La question est de savoir si une telle obligation générale mise à la charge du fabricant améliorera le niveau de sécurité qui a déjà été atteint aux Pays-Bas.
15. A notre avis, il est nécessaire de distinguer entre la situation telle qu' elle se présente au moment de la création et de la mise en marche d' installations industrielles visées par la directive et la situation telle qu' elle se présente après ce moment.
16. Comme nous l' avons indiqué, la création et la mise en marche sont subordonnées, en vertu des articles 2 et 17 de la Hinderwet, à l' obtention d' une autorisation par le fabricant, après contrôle des conditions de sécurité. Le gouvernement néerlandais a indiscutablement relevé à juste titre que la procédure d' autorisation suppose une coopération entre le fabricant et les autorités et donc la collaboration active du fabricant.
L' autorisation suppose à l' évidence une demande de la part du fabricant, qui doit fournir des renseignements permettant aux autorités de se prononcer sur la demande, comme l' indique l' article 5, paragraphe 2, de la Hinderwet, selon lequel "Doivent être fournis à l' appui de la demande d' autorisation les documents qui sont prescrits par Nous dans un règlement d' administration publique". Les règles détaillées relatives au contenu de la demande sont fixées dans le règlement, le Hinderbesluit (11). Ces règles prévoient notamment que le fabricant doit établir un rapport sur la sécurité externe comportant des informations détaillées au sujet des problèmes de sécurité et des mesures prises par le fabricant. Toutefois, le rapport sur la sécurité externe ne doit être établi que pour les entreprises qui sont visées par l' article 5 de la directive, c' est-à-dire les entreprises qui traitent des substances particulièrement dangereuses. Mais le Hinderbesluit exige pour toutes les entreprises que la demande comporte un certain nombre d' informations générales sur l' entreprise, qui permettent aux autorités d' apprécier la situation de l' entreprise du point de vue de la sécurité. Et il est exact que les autorités ont, en vertu de l' article 30 b de la Hinderwet, le pouvoir d' exiger du fabricant toutes les informations nécessaires pour décider si l' entreprise satisfait ou non aux conditions auxquelles la loi subordonne l' autorisation.
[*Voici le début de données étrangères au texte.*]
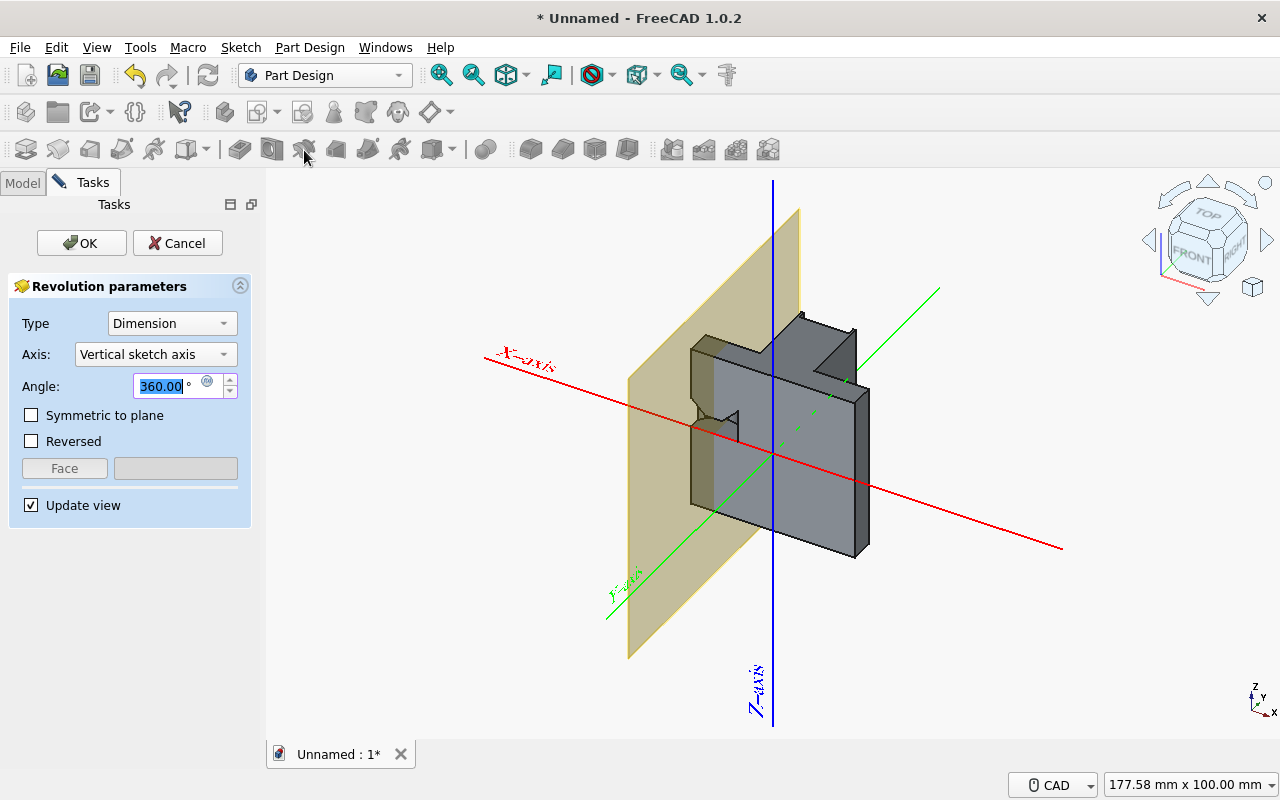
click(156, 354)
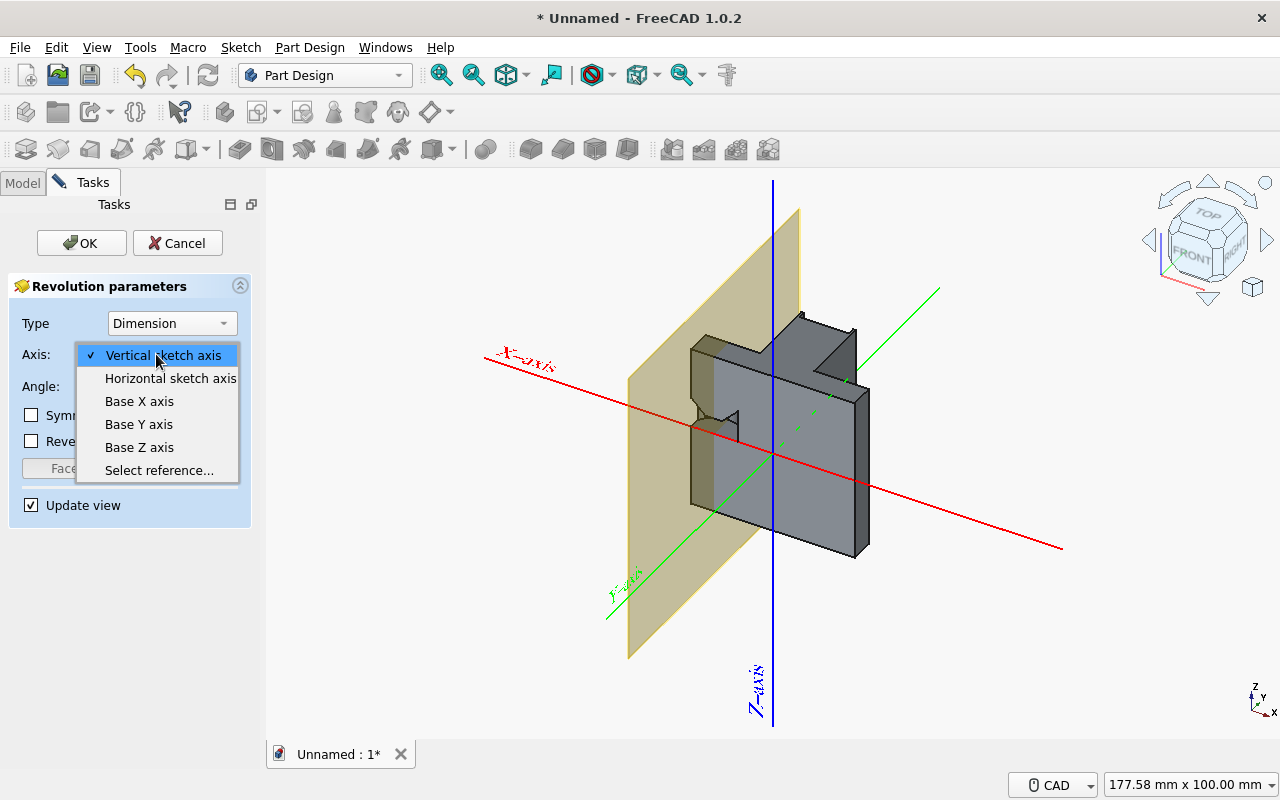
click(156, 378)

L' autorisation reposera sur les informations du fabricant au sujet de la sécurité dans l' entreprise. Celles-ci font partie intégrante du fondement de l' autorisation et s' imposent donc au fabricant. L' avantage présenté par le système néerlandais est que les autorités ont l' obligation d' apprécier si les conditions de sécurité dans l' entreprise sont satisfaisantes ou s' il est nécessaire, pour prévenir dans une mesure suffisante les accidents et en limiter les conséquences, d' imposer au fabricant d' adopter des mesures de sécurité supplémentaires. Si les autorités estiment que tel est le cas, elles sont tenues, en vertu de l' article 17, paragraphe 1, de la Hinderwet, de lier l' autorisation à la mise en oeuvre de telles mesures de sécurité par le fabricant.
Cela montre à notre sens que la Hinderwet comporte les règles nécessaires, en tout cas quant à la création et à la mise en marche d' entreprises, pour que "le fabricant soit tenu de prendre toutes les mesures qui s' imposent pour prévenir les accidents majeurs et pour en limiter les conséquences", comme l' exige l' article 3 de la directive et qu' on ne gagnerait rien, en tout cas à ce stade, à imposer au fabricant une obligation générale autonome, ainsi que la Commission l' estime nécessaire.
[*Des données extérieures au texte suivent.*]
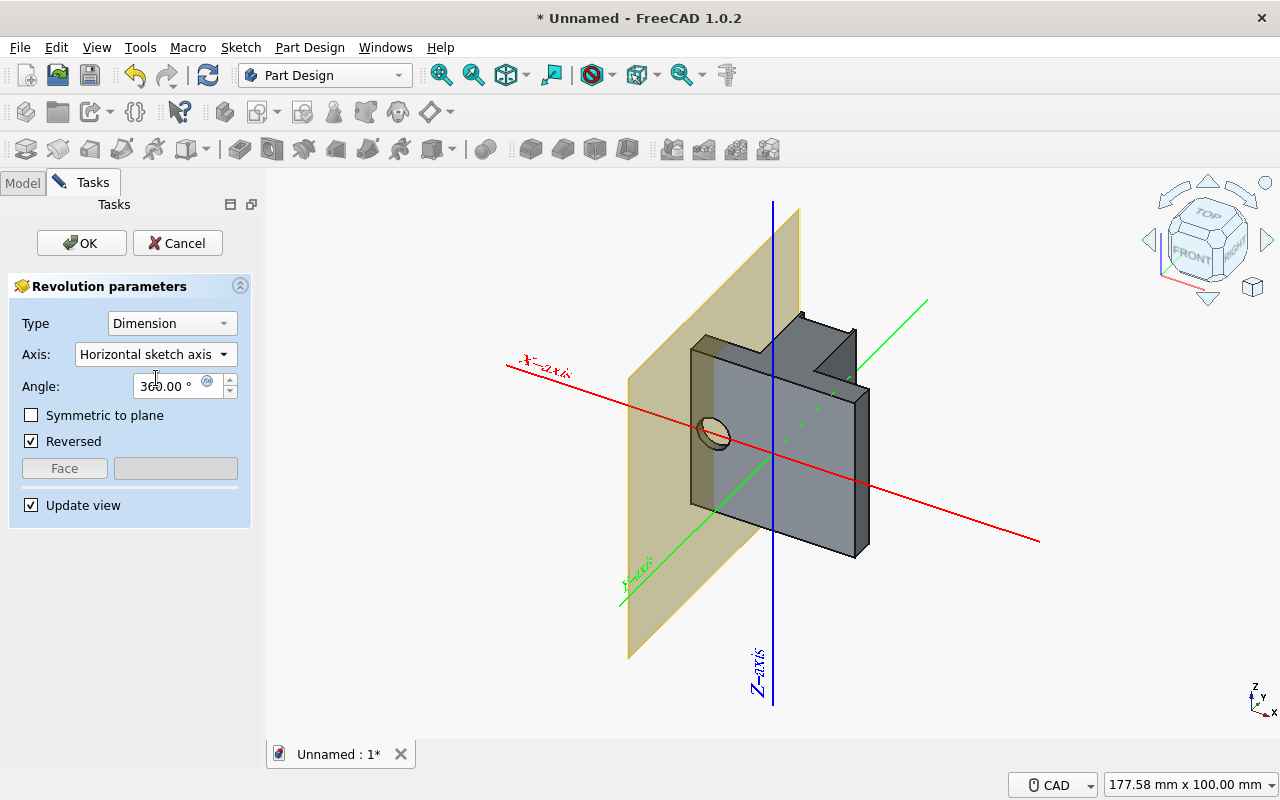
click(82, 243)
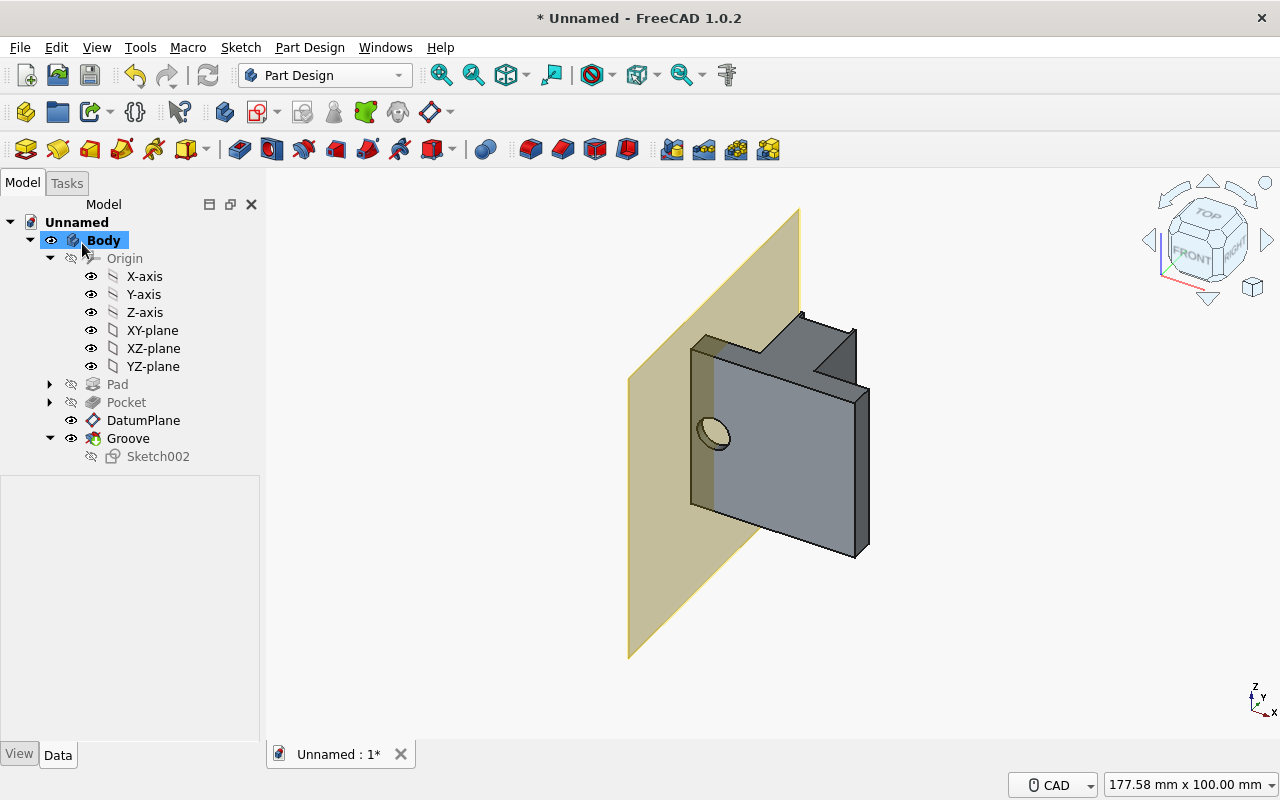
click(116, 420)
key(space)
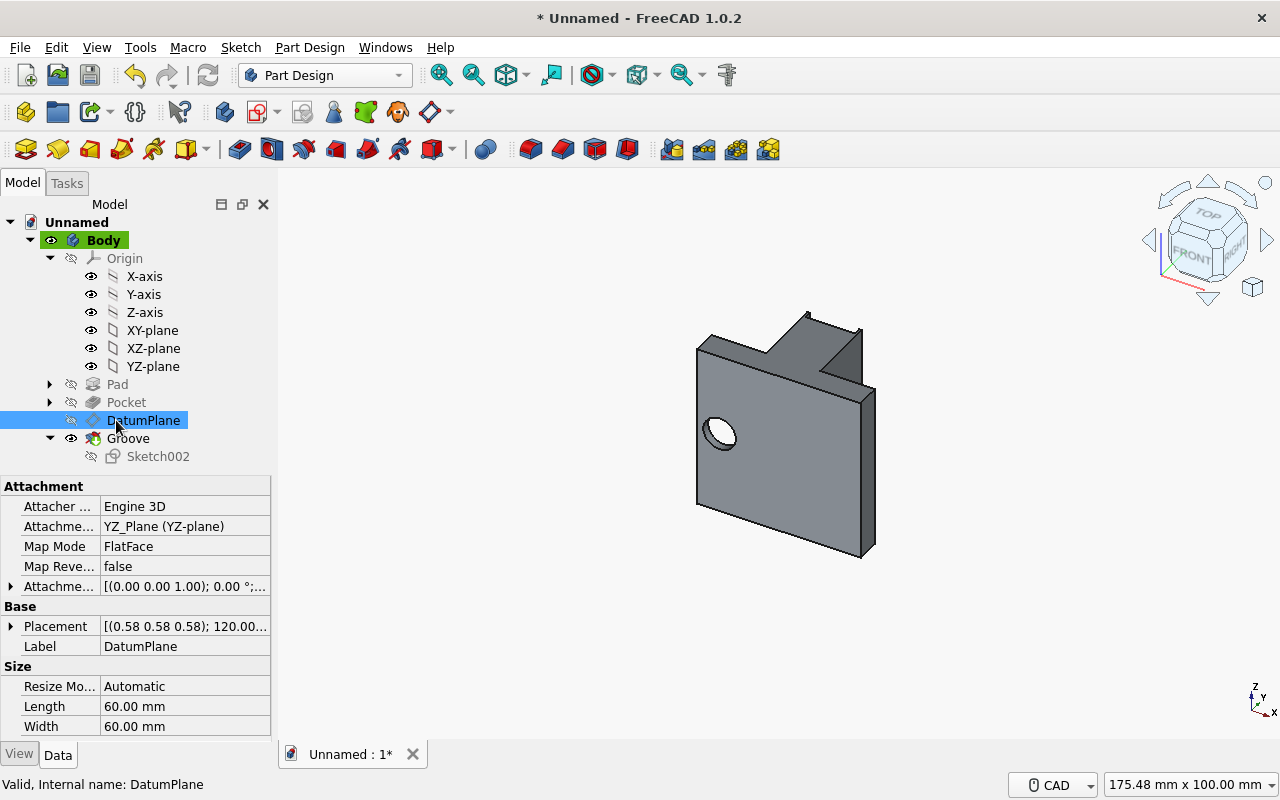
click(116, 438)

17. Il est plus difficile d' apprécier si une obligation autonome pour le fabricant correspondant à celle qui est prévue à l' article 3 de la directive aurait un sens pour l' actualisation permanente des mesures de sécurité qui peut être nécessaire:
- en premier lieu, lorsqu' il y a des modifications dans l' entreprise, qui peuvent influer sur les risques d' accidents majeurs, et
- en second lieu, lorsqu' il y a une évolution des connaissances relatives à la façon de prévenir au mieux les accidents majeurs et d' en limiter au mieux les conséquences.
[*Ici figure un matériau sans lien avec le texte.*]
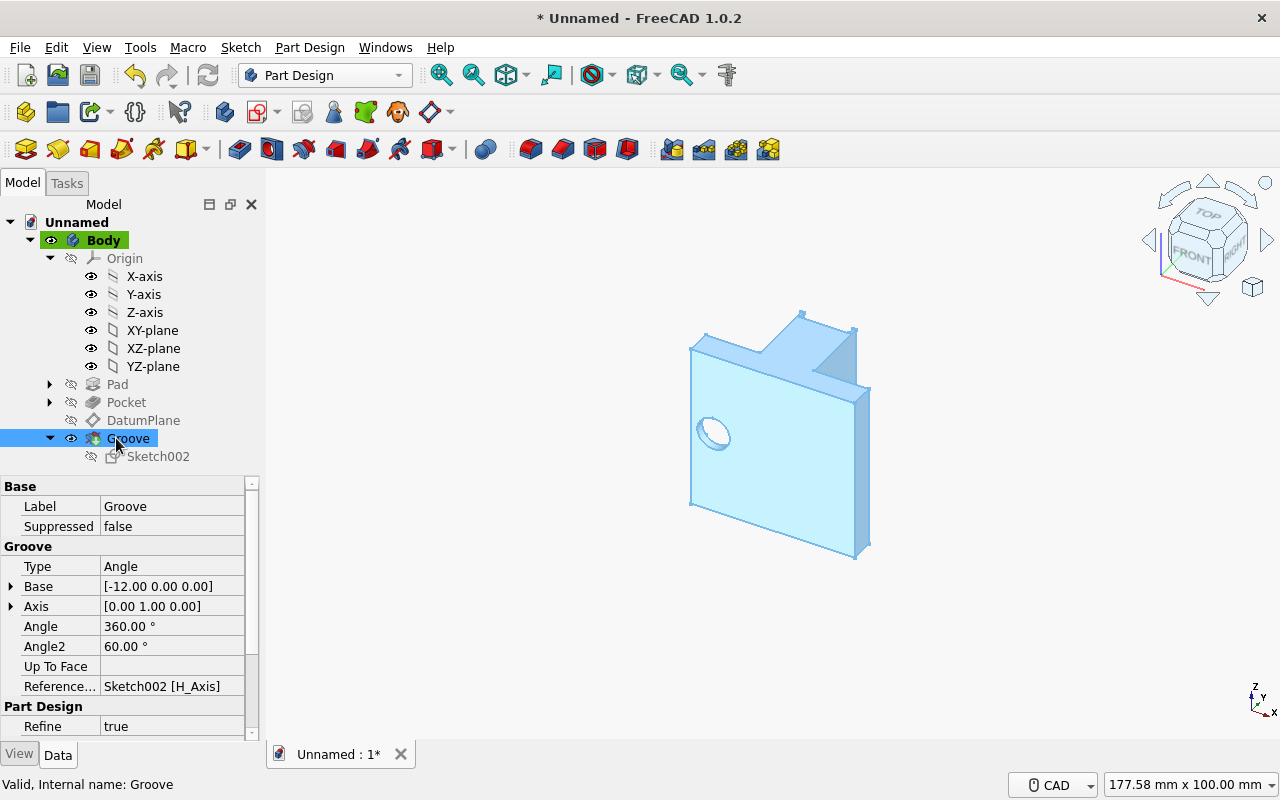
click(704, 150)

La Commission a observé en particulier que l' introduction en droit national d' une règle générale correspondant à l' article 3 mettra en évidence que les fabricants ont l' obligation active de veiller constamment à ce que les mesures de sécurité prises soient actualisées au fur et à mesure de l' évolution. Il est d' ailleurs assurément essentiel de veiller à ce que les mesures de sécurité adoptées à un moment donné soient révisées lorsque cela s' avère nécessaire. Dans le cas de systèmes d' autorisations tels que le système néerlandais, il peut y avoir un certain risque que les fabricants estiment s' être acquittés de leurs obligations en matière de sécurité lorsqu' ils se contentent de respecter les conditions et le contenu de l' autorisation.
18. Si la Commission a raison de soutenir que l' article 3 doit être interprété en ce sens qu' il comporte une obligation autonome pour le fabricant de réviser constamment, à la lumière de l' évolution, les mesures de sécurité adoptées, cela constitue un argument de poids en faveur de la thèse selon laquelle l' article 3 doit être transposé sous la forme d' une règle générale visant le fabricant, et ce également en droit néerlandais. La Commission a indiqué que la formulation générale de l' article 3 corroborait cette interprétation, qui est d' ailleurs confirmée par le fait que l' article 4 impose au fabricant de prouver "à tout moment" qu' il a pris les mesures de sécurité nécessaires.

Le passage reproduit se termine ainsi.